EXERCISE OBJECTIVE – Copy out the entries below exactly as they stand, but only from the line containing "Could you estimate" through the line containing "7. car (471, 595, 651, 669)".

□ □ □ □ □

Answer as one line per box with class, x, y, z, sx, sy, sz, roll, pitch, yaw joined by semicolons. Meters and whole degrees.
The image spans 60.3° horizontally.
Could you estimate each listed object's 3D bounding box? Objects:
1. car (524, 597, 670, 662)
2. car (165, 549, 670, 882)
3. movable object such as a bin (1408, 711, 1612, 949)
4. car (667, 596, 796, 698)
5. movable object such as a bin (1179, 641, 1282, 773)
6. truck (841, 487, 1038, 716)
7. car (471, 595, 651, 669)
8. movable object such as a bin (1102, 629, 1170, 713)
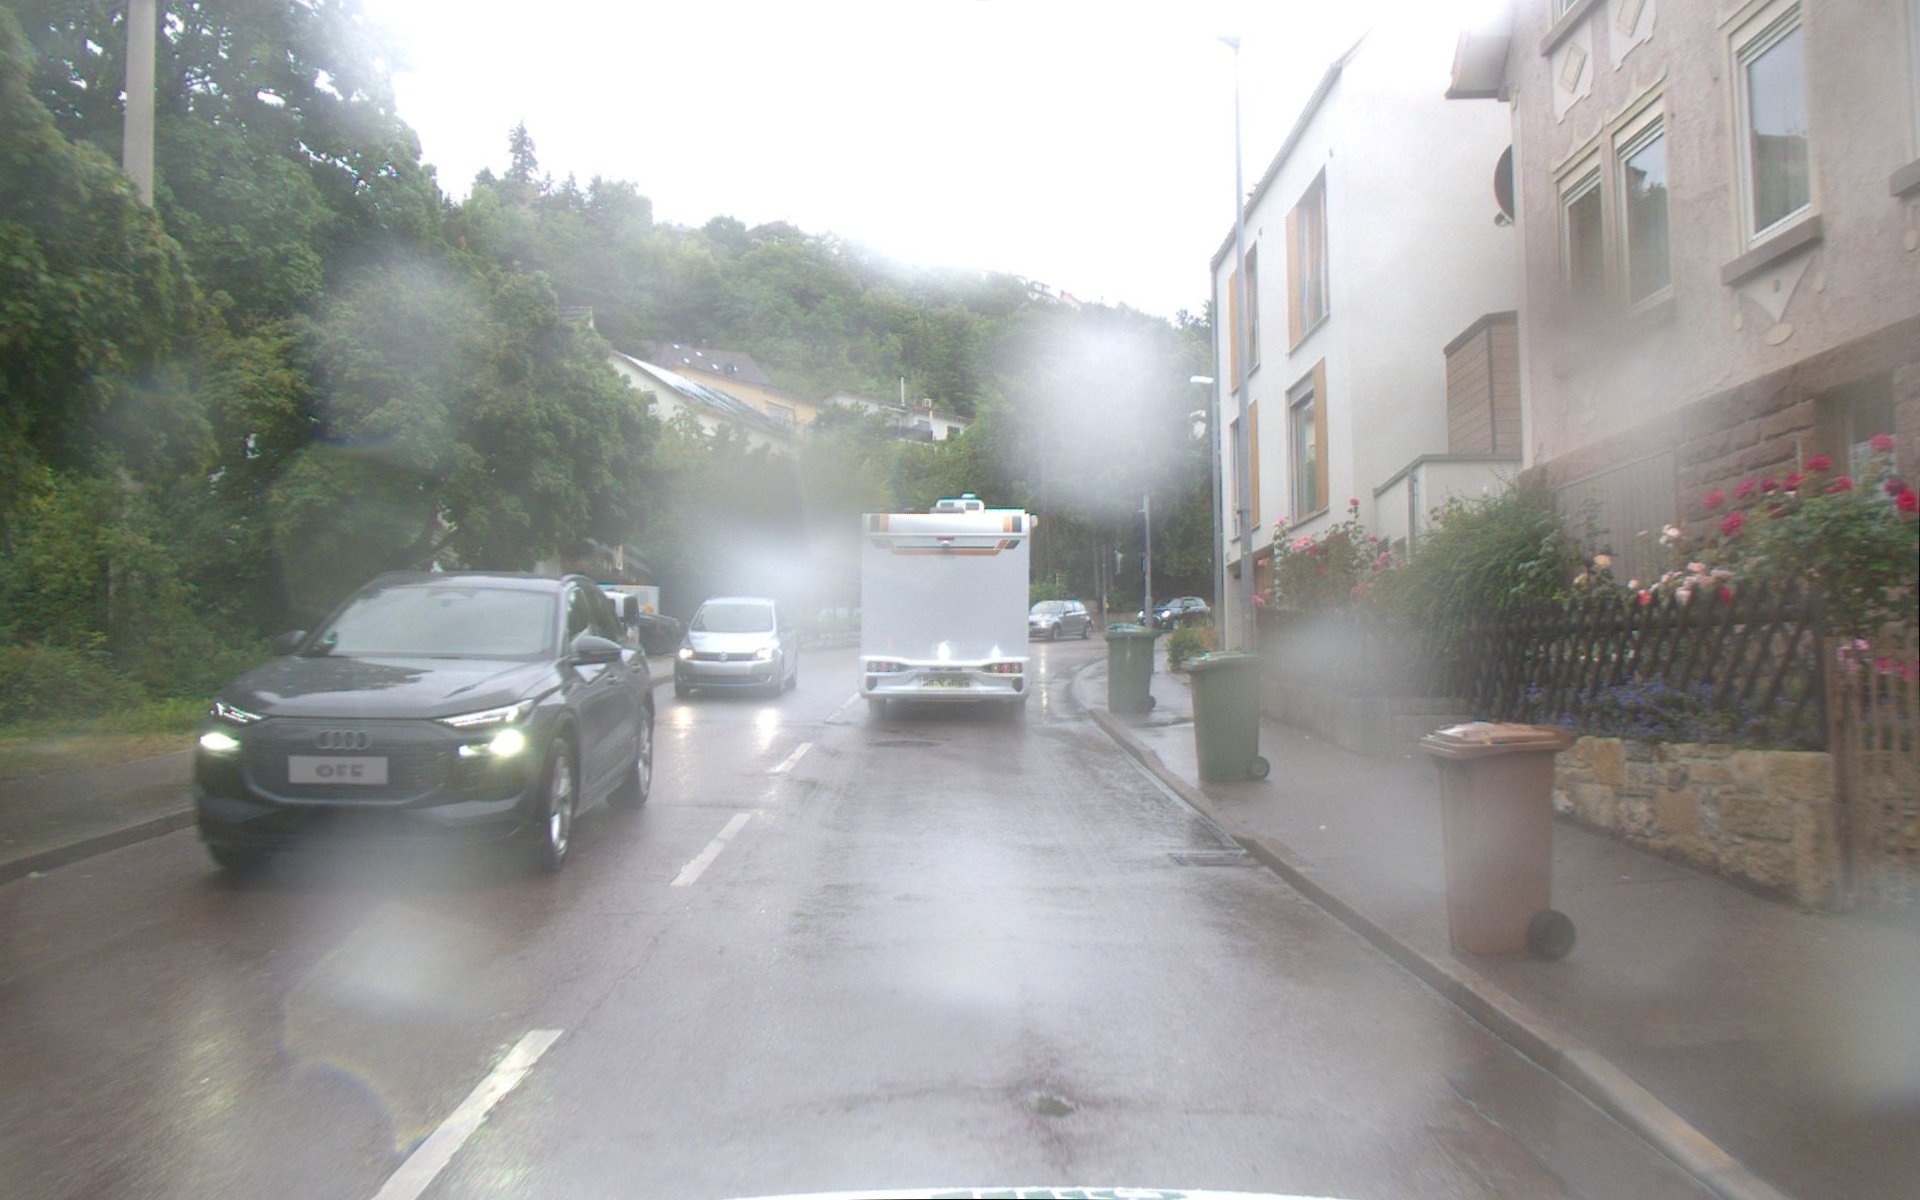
car;-10.439;0.850;47.826;4.003;1.805;1.794;1;-1;-11
car;-3.080;0.588;10.429;1.879;1.652;4.361;0;0;-2
movable object such as a bin;2.309;0.947;7.009;0.617;0.913;0.712;0;-1;-1
car;-3.737;0.736;27.619;1.768;1.581;3.827;0;0;-3
movable object such as a bin;2.328;0.911;14.320;0.780;1.089;0.761;0;-1;0
truck;-0.241;0.035;23.865;2.464;2.867;6.201;0;0;0
car;-10.002;0.792;41.723;4.021;1.831;2.000;0;0;1
movable object such as a bin;2.306;0.922;21.778;0.818;1.079;0.750;0;-1;0

□ □ □ □ □

RESPONSE BELOW –
Could you estimate each listed object's 3D bounding box? Objects:
1. car (524, 597, 670, 662)
2. car (165, 549, 670, 882)
3. movable object such as a bin (1408, 711, 1612, 949)
4. car (667, 596, 796, 698)
5. movable object such as a bin (1179, 641, 1282, 773)
6. truck (841, 487, 1038, 716)
7. car (471, 595, 651, 669)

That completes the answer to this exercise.